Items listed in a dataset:
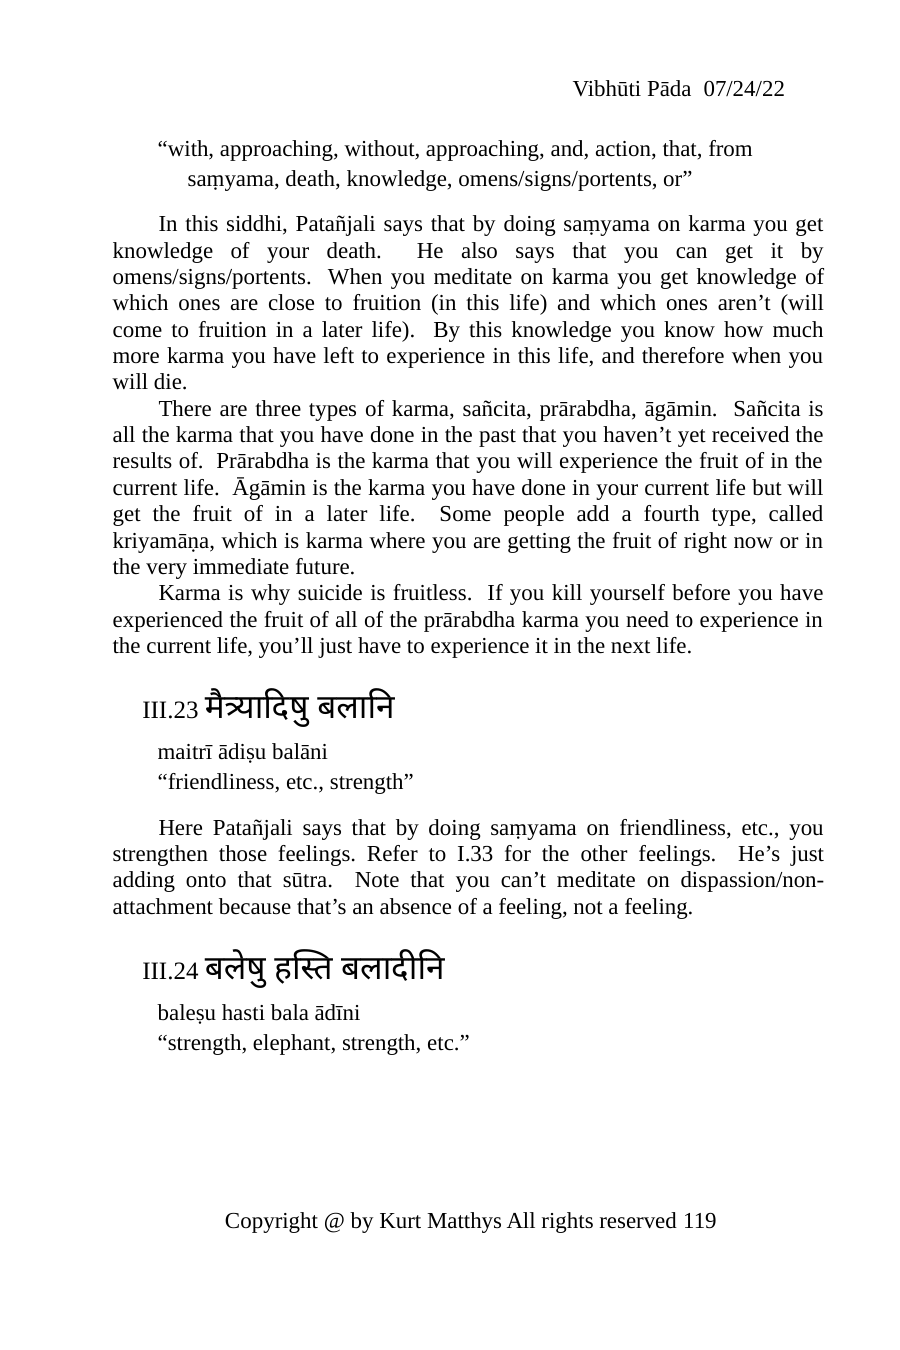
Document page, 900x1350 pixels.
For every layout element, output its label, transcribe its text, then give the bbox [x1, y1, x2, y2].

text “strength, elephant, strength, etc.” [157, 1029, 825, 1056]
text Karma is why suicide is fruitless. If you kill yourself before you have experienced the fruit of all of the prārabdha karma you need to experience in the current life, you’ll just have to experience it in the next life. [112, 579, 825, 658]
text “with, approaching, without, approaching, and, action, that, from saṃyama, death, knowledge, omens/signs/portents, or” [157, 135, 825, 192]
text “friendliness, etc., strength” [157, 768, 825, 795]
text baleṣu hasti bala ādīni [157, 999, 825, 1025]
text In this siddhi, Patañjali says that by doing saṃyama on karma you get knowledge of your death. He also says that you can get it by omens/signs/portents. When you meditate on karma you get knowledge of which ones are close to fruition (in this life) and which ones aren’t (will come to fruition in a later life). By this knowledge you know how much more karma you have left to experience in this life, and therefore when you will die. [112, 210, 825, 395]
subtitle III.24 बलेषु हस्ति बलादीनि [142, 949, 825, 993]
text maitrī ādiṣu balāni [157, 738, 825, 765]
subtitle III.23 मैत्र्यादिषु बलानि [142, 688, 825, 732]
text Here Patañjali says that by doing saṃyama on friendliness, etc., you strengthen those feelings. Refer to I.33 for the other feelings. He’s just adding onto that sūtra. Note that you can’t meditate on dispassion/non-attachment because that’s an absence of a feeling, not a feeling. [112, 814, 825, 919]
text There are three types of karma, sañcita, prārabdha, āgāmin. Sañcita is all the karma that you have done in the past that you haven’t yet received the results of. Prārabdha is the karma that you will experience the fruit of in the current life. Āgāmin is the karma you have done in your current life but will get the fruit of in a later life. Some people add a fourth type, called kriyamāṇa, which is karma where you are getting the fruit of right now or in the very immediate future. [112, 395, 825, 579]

▶ Action item
When you reach the line containing "text In this" in the data above, retype it and each line after it through the final one, exactly as written.

▶ Answer box
text In this siddhi, Patañjali says that by doing saṃyama on karma you get knowledge of your death. He also says that you can get it by omens/signs/portents. When you meditate on karma you get knowledge of which ones are close to fruition (in this life) and which ones aren’t (will come to fruition in a later life). By this knowledge you know how much more karma you have left to experience in this life, and therefore when you will die. [112, 210, 825, 395]
subtitle III.24 बलेषु हस्ति बलादीनि [142, 949, 825, 993]
text maitrī ādiṣu balāni [157, 738, 825, 765]
subtitle III.23 मैत्र्यादिषु बलानि [142, 688, 825, 732]
text Here Patañjali says that by doing saṃyama on friendliness, etc., you strengthen those feelings. Refer to I.33 for the other feelings. He’s just adding onto that sūtra. Note that you can’t meditate on dispassion/non-attachment because that’s an absence of a feeling, not a feeling. [112, 814, 825, 919]
text There are three types of karma, sañcita, prārabdha, āgāmin. Sañcita is all the karma that you have done in the past that you haven’t yet received the results of. Prārabdha is the karma that you will experience the fruit of in the current life. Āgāmin is the karma you have done in your current life but will get the fruit of in a later life. Some people add a fourth type, called kriyamāṇa, which is karma where you are getting the fruit of right now or in the very immediate future. [112, 395, 825, 579]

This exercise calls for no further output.